Section 3.3 in Gordman's chapter on page table management provides a good overview of the functions / macros used to navigate the page table.

A common source of confusion arises from a misunderstanding of what macros like pud_offset return.

/* Find an entry in the third-level page table.. */
// From include/linux/pgtable.h. Note that this definition is shared between x86 and arm64.
static inline pud_t *pud_offset(p4d_t *p4d, unsigned long address)
{
	return (pud_t *)p4d_page_vaddr(*p4d) + pud_index(address);
}

// x86: arch/x86/include/asm/pgtable_types.h
// arm64: arch/arm64/include/asm/pgtable-types.h
typedef struct { pudval_t pud; } pud_t;

// x86: arch/x86/include/asm/pgtable_64_types.h
typedef unsigned long   pudval_t;

// arm64: arch/arm64/include/asm/pgtable-types.h
typedef u64 pudval_t;

We touched on this briefly above. A pud_t is just a struct containing an unsigned long, which means it compiles down to an unsigned long. Recall from our earlier discussion that each entry is the address of a physical page frame and that the last 12 bits are reserved for flags since each page frame is page aligned. The macros that Gordman discusses, like pte_none() and pmd_present(), check these flag bits to determine information about the entry.

If you want to recover the actual value of the entry, the type casting macros Gordman discussed in section 3.2 are useful. Although the Gordman reading is x86-specific, arm64 defines similar, if not indentical, macros. Keep in mind that if you want the physical address the entry points to you'll need to bitwise-and the value with the correct mask.

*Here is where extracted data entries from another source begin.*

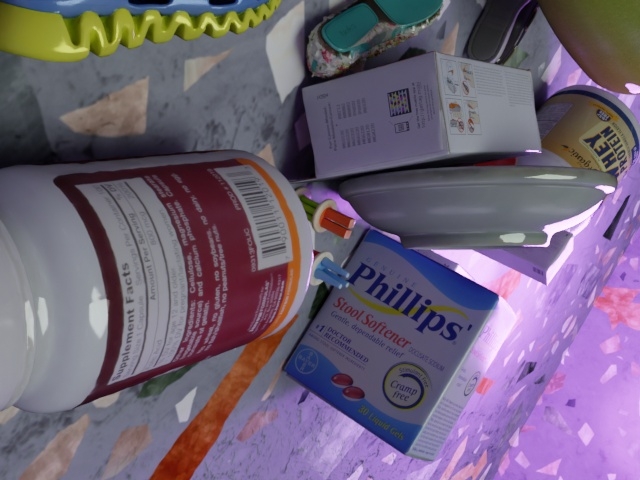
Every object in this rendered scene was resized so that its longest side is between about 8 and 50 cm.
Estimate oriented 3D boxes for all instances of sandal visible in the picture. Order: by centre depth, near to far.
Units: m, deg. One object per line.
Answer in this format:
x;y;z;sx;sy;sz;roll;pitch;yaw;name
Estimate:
-0.150;-0.255;0.720;0.317;0.126;0.138;-28;132;-44;sandal

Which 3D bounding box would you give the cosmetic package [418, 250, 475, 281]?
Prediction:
0.226;0.093;1.538;0.117;0.085;0.231;-61;158;-1;cosmetic package

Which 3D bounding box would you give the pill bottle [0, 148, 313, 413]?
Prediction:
-0.208;0.033;0.762;0.392;0.224;0.224;-13;125;-50;pill bottle

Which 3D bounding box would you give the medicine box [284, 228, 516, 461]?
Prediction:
0.135;0.173;1.330;0.289;0.263;0.149;-59;150;-3;medicine box

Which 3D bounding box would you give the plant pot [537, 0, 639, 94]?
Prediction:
0.431;-0.396;1.174;0.294;0.275;0.274;17;101;-42;plant pot

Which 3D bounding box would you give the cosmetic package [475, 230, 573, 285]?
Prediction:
0.355;-0.011;1.527;0.099;0.239;0.060;-49;146;-18;cosmetic package

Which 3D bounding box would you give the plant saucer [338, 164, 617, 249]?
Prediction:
0.225;-0.038;1.166;0.400;0.400;0.100;3;86;-56;plant saucer

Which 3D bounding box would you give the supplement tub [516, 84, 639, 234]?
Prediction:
0.486;-0.144;1.622;0.316;0.228;0.228;-45;146;-24;supplement tub

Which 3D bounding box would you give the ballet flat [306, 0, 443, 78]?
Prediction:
0.066;-0.284;1.062;0.241;0.091;0.077;-31;170;-33;ballet flat

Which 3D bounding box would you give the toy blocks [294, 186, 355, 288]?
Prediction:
0.000;0.000;1.108;0.123;0.148;0.054;-50;148;-17;toy blocks

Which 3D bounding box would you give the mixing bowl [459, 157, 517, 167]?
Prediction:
0.273;-0.137;1.442;0.181;0.098;0.181;-35;140;-35;mixing bowl

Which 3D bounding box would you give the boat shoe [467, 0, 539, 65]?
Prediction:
0.327;-0.397;1.337;0.069;0.081;0.227;6;117;-60;boat shoe

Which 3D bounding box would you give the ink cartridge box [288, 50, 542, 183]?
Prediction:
0.124;-0.163;1.127;0.309;0.272;0.130;-10;92;-54;ink cartridge box
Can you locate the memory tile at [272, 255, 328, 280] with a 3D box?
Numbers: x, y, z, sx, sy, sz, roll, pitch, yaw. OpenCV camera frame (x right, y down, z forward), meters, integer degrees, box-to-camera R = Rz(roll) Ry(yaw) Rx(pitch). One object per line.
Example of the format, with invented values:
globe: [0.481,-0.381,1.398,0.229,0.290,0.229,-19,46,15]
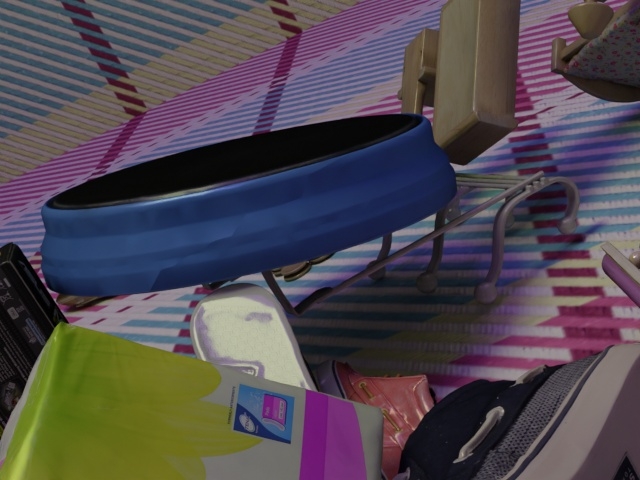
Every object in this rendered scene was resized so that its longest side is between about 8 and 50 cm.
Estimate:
memory tile: [0.000,0.000,1.529,0.148,0.012,0.113,-34,18,-17]

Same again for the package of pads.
package of pads: [-0.086,0.190,0.693,0.296,0.229,0.101,-86,14,-53]

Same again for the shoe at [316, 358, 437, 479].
shoe: [0.053,0.135,1.002,0.081,0.063,0.178,-28,23,0]

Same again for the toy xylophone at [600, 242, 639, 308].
toy xylophone: [0.374,-0.013,0.878,0.322,0.081,0.236,-31,18,-5]

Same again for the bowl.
bowl: [-0.071,-0.043,1.151,0.391,0.077,0.391,-12,11,2]

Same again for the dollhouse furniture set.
dollhouse furniture set: [0.296,-0.143,1.320,0.303,0.355,0.174,143,136,-66]

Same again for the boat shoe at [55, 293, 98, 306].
boat shoe: [-0.323,0.068,1.802,0.153,0.048,0.056,-26,29,31]

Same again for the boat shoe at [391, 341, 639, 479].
boat shoe: [0.095,0.181,0.728,0.158,0.127,0.340,-17,12,40]

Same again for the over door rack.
over door rack: [0.057,0.012,1.211,0.324,0.108,0.239,-17,11,-23]

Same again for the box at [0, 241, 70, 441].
box: [-0.291,0.168,1.090,0.216,0.270,0.060,-29,19,1]

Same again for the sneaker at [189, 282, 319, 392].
sneaker: [-0.021,0.182,0.937,0.104,0.147,0.296,-19,49,0]
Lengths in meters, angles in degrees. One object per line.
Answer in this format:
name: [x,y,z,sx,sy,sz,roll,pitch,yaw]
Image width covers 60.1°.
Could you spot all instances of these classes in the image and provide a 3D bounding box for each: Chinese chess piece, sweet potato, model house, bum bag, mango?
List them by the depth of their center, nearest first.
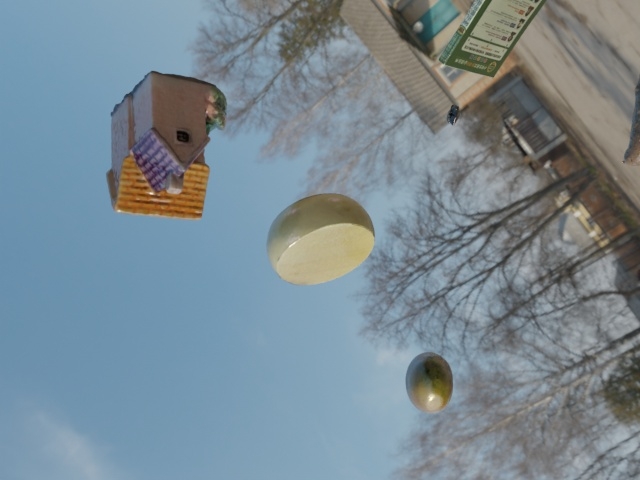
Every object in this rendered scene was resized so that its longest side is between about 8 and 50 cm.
model house: [-0.296,-0.172,1.120,0.202,0.237,0.238,9,-109,-41]
sweet potato: [0.745,-0.332,1.223,0.092,0.342,0.114,12,-166,17]
Chinese chess piece: [0.000,0.000,1.262,0.250,0.250,0.097,25,-144,-47]
mango: [0.278,0.364,1.409,0.221,0.120,0.152,33,-124,-81]
bum bag: [0.379,-0.358,1.575,0.034,0.058,0.124,15,-160,7]

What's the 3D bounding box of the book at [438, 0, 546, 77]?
book: [0.380,-0.471,1.151,0.202,0.264,0.027,-6,-132,-44]
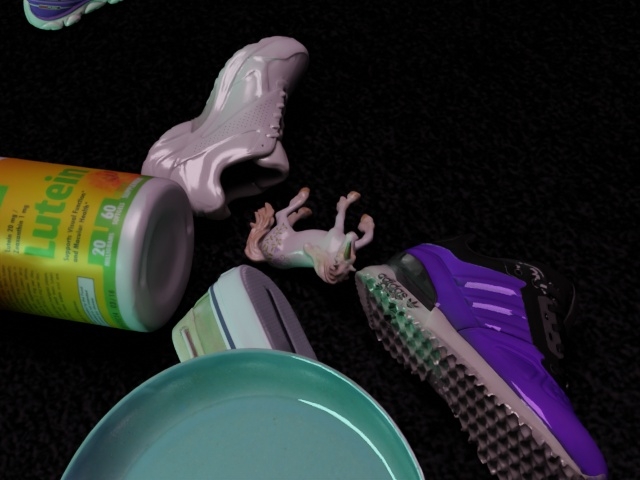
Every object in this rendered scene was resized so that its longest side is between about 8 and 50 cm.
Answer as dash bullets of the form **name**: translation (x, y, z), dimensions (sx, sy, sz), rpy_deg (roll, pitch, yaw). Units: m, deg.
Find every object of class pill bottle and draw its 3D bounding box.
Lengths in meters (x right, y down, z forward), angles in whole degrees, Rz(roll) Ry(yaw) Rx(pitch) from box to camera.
- **pill bottle**: translation (-0.249, -0.002, 1.299), dimensions (0.246, 0.136, 0.136), rpy_deg (8, 48, 16)

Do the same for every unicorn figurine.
- **unicorn figurine**: translation (0.000, 0.000, 1.309), dimensions (0.162, 0.060, 0.111), rpy_deg (-13, 34, 39)

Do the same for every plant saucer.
- **plant saucer**: translation (-0.059, 0.234, 1.023), dimensions (0.317, 0.044, 0.317), rpy_deg (-9, 68, 24)

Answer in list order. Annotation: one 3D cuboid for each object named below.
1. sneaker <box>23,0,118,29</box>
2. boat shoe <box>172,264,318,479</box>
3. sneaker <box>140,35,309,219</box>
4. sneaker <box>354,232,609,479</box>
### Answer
- **sneaker**: translation (-0.260, -0.300, 1.639), dimensions (0.170, 0.071, 0.068), rpy_deg (-37, 52, -26)
- **boat shoe**: translation (-0.037, 0.155, 1.155), dimensions (0.094, 0.109, 0.302), rpy_deg (-40, 45, 19)
- **sneaker**: translation (-0.065, -0.100, 1.414), dimensions (0.115, 0.090, 0.232), rpy_deg (26, 64, 22)
- **sneaker**: translation (0.160, 0.085, 1.173), dimensions (0.146, 0.102, 0.293), rpy_deg (-27, 48, -17)
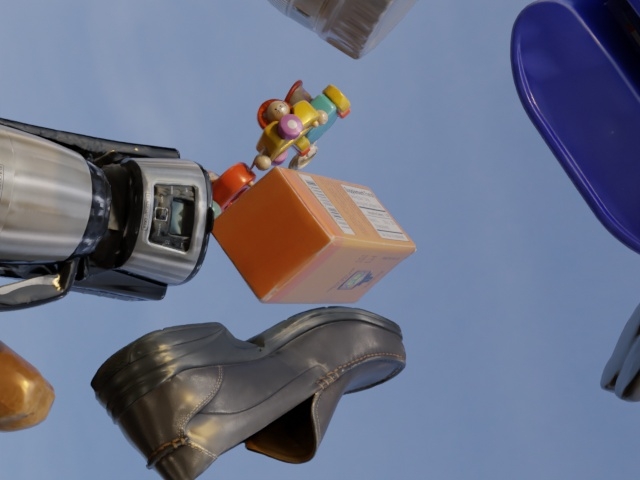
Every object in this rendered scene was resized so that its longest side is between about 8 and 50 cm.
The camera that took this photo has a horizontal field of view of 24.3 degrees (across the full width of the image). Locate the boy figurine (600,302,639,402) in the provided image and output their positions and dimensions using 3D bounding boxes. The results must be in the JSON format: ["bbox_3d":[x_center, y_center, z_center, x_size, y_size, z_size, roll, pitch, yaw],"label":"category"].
[{"bbox_3d":[0.358,0.138,1.128,0.092,0.285,0.177,-62,-174,0],"label":"boy figurine"}]

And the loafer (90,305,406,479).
[{"bbox_3d":[-0.020,0.069,0.639,0.062,0.170,0.061,-44,-115,39],"label":"loafer"}]

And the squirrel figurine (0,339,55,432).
[{"bbox_3d":[-0.454,0.117,0.995,0.370,0.281,0.397,-50,-144,-16],"label":"squirrel figurine"}]

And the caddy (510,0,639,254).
[{"bbox_3d":[0.330,-0.133,1.334,0.241,0.179,0.341,-38,-103,29],"label":"caddy"}]

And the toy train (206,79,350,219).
[{"bbox_3d":[-0.044,-0.076,1.196,0.046,0.166,0.125,46,-54,5],"label":"toy train"}]

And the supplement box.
[{"bbox_3d":[0.000,0.000,1.182,0.078,0.233,0.080,-41,-106,13],"label":"supplement box"}]

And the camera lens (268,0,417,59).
[{"bbox_3d":[-0.014,-0.305,1.159,0.274,0.219,0.219,38,-59,2],"label":"camera lens"}]

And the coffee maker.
[{"bbox_3d":[-0.183,-0.028,0.967,0.171,0.178,0.120,35,-72,49],"label":"coffee maker"}]

x86 and arm64 either define functions/macros for the mask so you can manually perform the bitwise-and or define function/macros that outright do the correct bitwise-and for you. Either way, recovering the physical address the entry points to is possible in both x86 and arm64, it just may look slightly different depending which architecture you're on and which function/macros you choose.

Page dirty and refcount

Recall from before that a flag in the page table entry indicates whether the page frame is dirty or not. Do not read the flag directly; the kernel provides a macro for this purpose.

You will find section 3.4 of Gordman useful for figuring out how to retrieve the refcount of a page frame. Hint: every physical frame has a struct page in the kernel, which is defined here. Be sure to use the correct kernel functions / macros to access any information in struct page.